Schematic of the trial procedure during the binocular rivalry experiments. (A) In the consecutive rivalry experiment, participants completed four 30s-trials with different gratings presented to the left eye (L) and the right eye (R), respectively. Participants continuously reported whether their dominant percept was a right-oriented grating, or a left-oriented grating. Inter-trial intervals lasted about 5 to 10 s, depending on when the participants decided to start the subsequent trial. Between trials, the stimulus-to-eye mapping switched. (B) In the predictive context experiment, participants completed 96 experimental trials, which always started with the presentation of a sequence of three non-rivalrous grating stimuli separated by an inter-stimulus interval. The predictive context was followed by a 4-s rivalry period in which different orthogonal gratings were presented to the left and the right eye. Participants reported the dominant percept. If the predictive context influenced BR, the stimulus that matched the predictive sequence (here, the grating presented to the left eye) should be perceived in the majority of trials. Participants also completed 24 non-rivalrous catch trials (randomly intermixed with experimental trials) which were identical to the experimental trials except that the same stimulus was shown to both eyes during the perceptual report period. Catch trials were included to verify that participants performed the task correctly.

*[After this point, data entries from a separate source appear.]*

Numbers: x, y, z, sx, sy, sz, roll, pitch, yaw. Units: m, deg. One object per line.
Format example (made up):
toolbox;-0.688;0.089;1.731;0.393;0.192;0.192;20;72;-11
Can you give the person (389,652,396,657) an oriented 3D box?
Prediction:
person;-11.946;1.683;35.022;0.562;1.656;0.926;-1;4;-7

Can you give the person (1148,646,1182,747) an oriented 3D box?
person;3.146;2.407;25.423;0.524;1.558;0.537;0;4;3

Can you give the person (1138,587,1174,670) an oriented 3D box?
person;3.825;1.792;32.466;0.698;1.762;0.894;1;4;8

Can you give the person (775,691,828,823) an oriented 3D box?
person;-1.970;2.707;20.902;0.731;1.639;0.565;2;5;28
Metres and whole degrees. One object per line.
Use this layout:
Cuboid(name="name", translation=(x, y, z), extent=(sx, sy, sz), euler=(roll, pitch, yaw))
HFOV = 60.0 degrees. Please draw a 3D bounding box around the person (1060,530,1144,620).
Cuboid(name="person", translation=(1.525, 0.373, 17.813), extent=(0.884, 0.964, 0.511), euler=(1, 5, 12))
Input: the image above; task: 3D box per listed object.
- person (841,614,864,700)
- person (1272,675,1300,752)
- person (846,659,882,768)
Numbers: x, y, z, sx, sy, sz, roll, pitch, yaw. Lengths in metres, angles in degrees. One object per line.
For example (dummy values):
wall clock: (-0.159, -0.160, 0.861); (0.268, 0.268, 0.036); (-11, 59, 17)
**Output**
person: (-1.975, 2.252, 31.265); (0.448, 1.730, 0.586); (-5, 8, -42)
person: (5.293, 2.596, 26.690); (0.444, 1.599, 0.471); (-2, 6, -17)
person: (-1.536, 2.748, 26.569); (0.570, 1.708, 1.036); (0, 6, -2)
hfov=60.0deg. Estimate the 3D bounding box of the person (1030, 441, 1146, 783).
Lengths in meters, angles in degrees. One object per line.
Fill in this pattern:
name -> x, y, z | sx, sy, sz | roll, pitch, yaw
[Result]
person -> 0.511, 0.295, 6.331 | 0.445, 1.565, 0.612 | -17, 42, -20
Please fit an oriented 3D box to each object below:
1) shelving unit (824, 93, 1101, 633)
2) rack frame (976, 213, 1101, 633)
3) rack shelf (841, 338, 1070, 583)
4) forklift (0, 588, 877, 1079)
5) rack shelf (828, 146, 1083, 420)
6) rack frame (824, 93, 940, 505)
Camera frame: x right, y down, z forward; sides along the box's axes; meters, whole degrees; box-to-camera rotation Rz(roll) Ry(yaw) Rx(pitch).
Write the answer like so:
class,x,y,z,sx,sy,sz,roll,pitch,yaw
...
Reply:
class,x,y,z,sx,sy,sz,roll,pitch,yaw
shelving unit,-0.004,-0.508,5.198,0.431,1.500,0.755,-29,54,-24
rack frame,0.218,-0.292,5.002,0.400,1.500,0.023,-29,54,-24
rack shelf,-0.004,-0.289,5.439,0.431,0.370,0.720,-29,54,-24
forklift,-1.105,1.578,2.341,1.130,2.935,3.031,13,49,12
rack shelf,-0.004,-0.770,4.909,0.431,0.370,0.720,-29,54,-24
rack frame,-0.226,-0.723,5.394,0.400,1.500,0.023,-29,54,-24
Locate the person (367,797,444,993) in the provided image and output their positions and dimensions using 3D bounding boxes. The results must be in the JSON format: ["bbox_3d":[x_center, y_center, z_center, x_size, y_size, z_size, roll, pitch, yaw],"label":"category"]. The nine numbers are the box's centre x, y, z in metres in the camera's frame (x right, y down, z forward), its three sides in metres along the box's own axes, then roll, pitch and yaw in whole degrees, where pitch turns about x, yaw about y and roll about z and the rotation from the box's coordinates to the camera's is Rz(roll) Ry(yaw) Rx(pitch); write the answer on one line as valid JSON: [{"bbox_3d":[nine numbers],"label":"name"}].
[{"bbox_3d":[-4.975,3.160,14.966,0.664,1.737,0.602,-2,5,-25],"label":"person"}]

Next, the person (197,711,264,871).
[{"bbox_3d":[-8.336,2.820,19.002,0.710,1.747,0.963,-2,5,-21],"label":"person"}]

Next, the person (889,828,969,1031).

Predictive context experiment

For the second and main experiment, we developed a child-friendly version of the procedure of Denison et al.22. The purpose of this experiment was to measure the extent to which BR onset would be influenced by a predictive context (see Fig. 1B). Participants started each trial by pressing the ‘down’ button on the keypad. After a blank period of 0.2 s, the trial started with a predictive context, consisting of a sequence of three static gratings presented for 300 ms each, which were separated by a 100 ms inter-stimulus-interval during which no gratings were shown. The gratings generated the impression of a clockwise- or counterclockwise-rotating sequence. The first grating of the predictive sequence was always horizontal, followed by a grating that was tilted 45° clockwise in relation to the horizontal (for the right-rotating sequence, see the example in Fig. 1A) or 45° counter-clockwise (for the left-rotating sequence). The third grating of the predictive context was always vertical. Following another blank of 100 ms, two rivalrous gratings (±45° from the vertical) were presented dichoptically for 4 s, and the participants’ task was to report the perceptually dominant grating during this rivalry period. Each trial ended after the 4-s reporting period. After each trial, a green fixation dot was presented, indicating to the participants that they could start the next trial whenever they felt ready.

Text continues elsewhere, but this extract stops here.